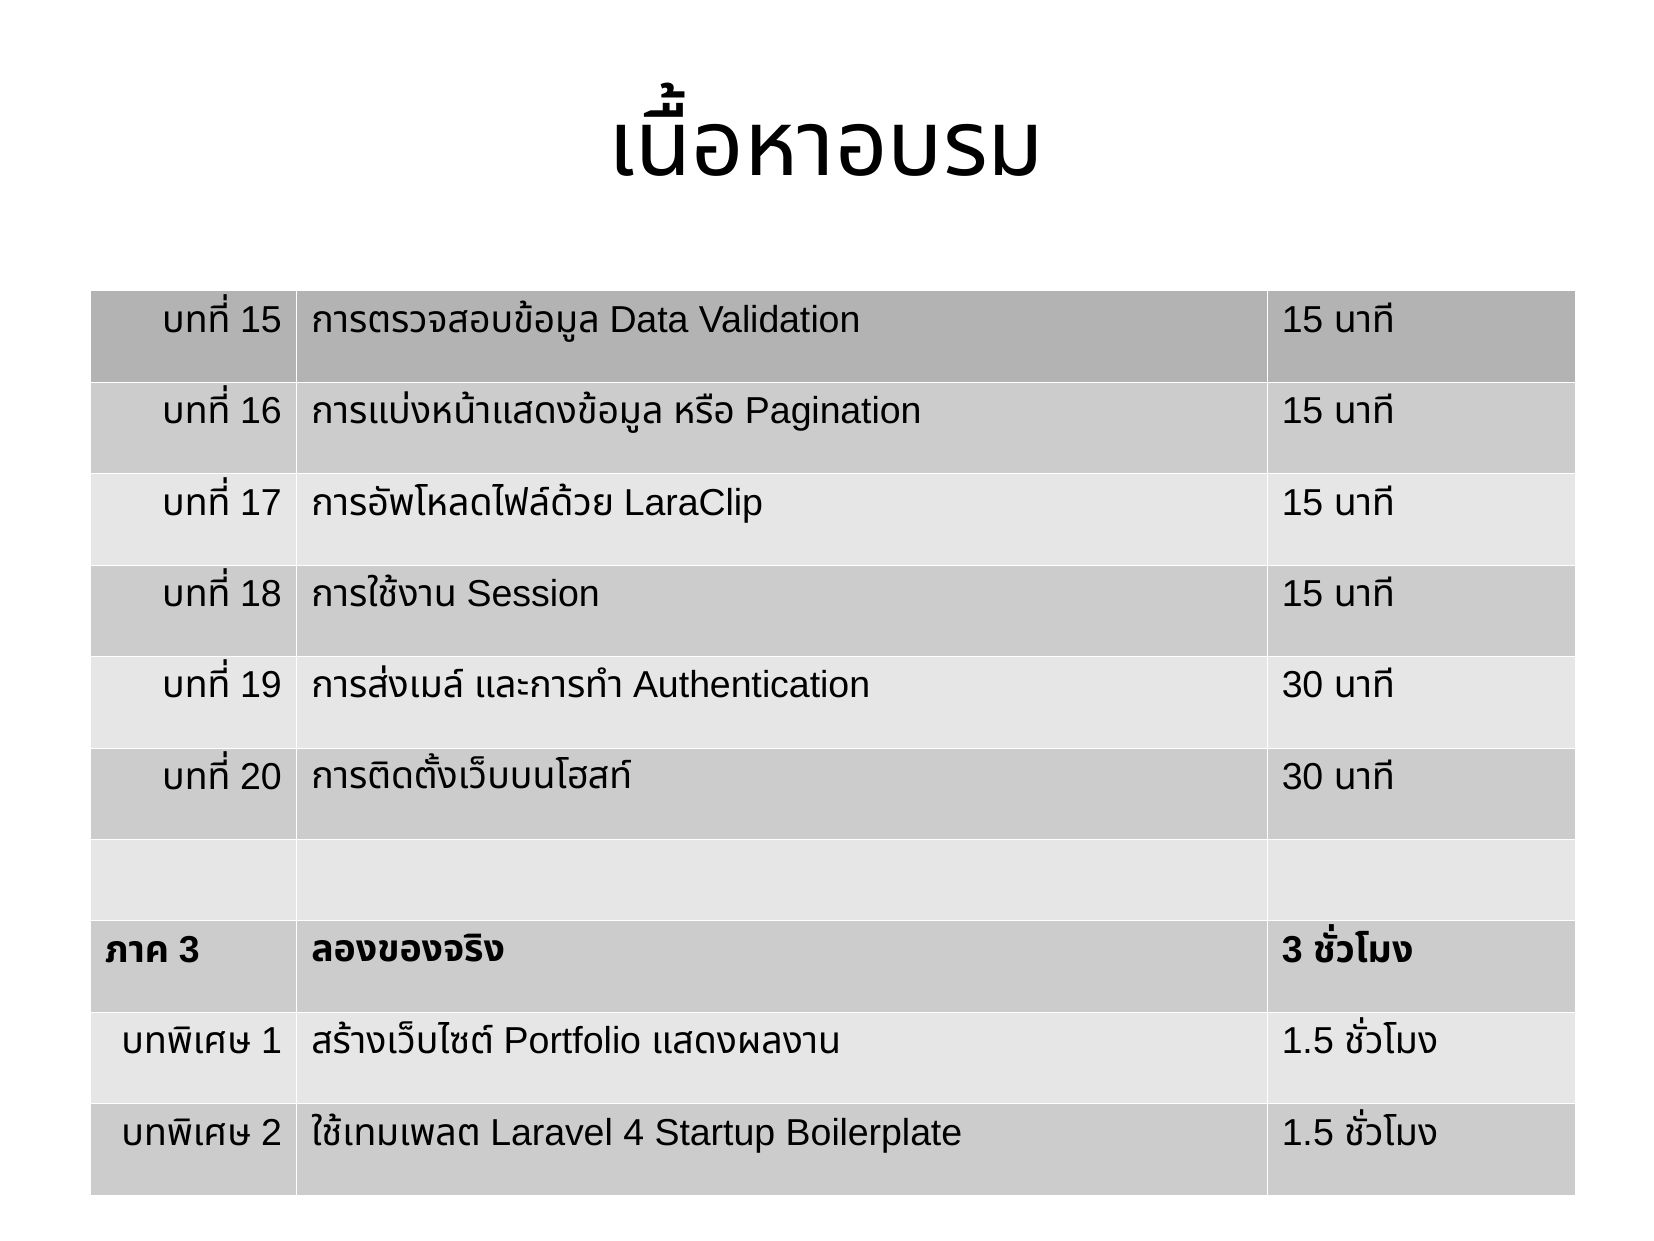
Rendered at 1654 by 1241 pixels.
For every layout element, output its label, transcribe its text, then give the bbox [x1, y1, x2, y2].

table_cell บทที่ 17 [91, 474, 296, 565]
table_cell การแบ่งหน้าแสดงข้อมูล หรือ Pagination [297, 383, 1267, 473]
table_cell บทพิเศษ 1 [91, 1013, 296, 1103]
table_cell ใช้เทมเพลต Laravel 4 Startup Boilerplate [297, 1104, 1267, 1195]
table_cell ลองของจริง [297, 921, 1267, 1012]
table_cell [91, 840, 296, 920]
table_cell บทที่ 18 [91, 566, 296, 656]
title เนื้อหาอบรม [82, 49, 1571, 257]
table_cell 15 นาที [1268, 474, 1575, 565]
table_header บทที่ 15 [91, 291, 296, 382]
table_cell ภาค 3 [91, 921, 296, 1012]
table_cell สร้างเว็บไซต์ Portfolio แสดงผลงาน [297, 1013, 1267, 1103]
table_cell บทที่ 16 [91, 383, 296, 473]
table_cell การติดตั้งเว็บบนโฮสท์ [297, 749, 1267, 839]
table_cell บทที่ 19 [91, 657, 296, 748]
table_cell [297, 840, 1267, 920]
table_cell 15 นาที [1268, 566, 1575, 656]
table_cell บทที่ 20 [91, 749, 296, 839]
table_header 15 นาที [1268, 291, 1575, 382]
table_cell [1268, 840, 1575, 920]
table_cell การใช้งาน Session [297, 566, 1267, 656]
table_header การตรวจสอบข้อมูล Data Validation [297, 291, 1267, 382]
table_cell บทพิเศษ 2 [91, 1104, 296, 1195]
table_cell 15 นาที [1268, 383, 1575, 473]
table_cell 3 ชั่วโมง [1268, 921, 1575, 1012]
table_cell การส่งเมล์ และการทำ Authentication [297, 657, 1267, 748]
table_cell 1.5 ชั่วโมง [1268, 1104, 1575, 1195]
table_cell 30 นาที [1268, 657, 1575, 748]
table_cell การอัพโหลดไฟล์ด้วย LaraClip [297, 474, 1267, 565]
table_cell 1.5 ชั่วโมง [1268, 1013, 1575, 1103]
table_cell 30 นาที [1268, 749, 1575, 839]
____
- WHAT YOU WILL DO
The answer must consist of every line from the data that holds the string "วโมง".

- REPLY
table_cell 3 ชั่วโมง [1268, 921, 1575, 1012]
table_cell 1.5 ชั่วโมง [1268, 1104, 1575, 1195]
table_cell 1.5 ชั่วโมง [1268, 1013, 1575, 1103]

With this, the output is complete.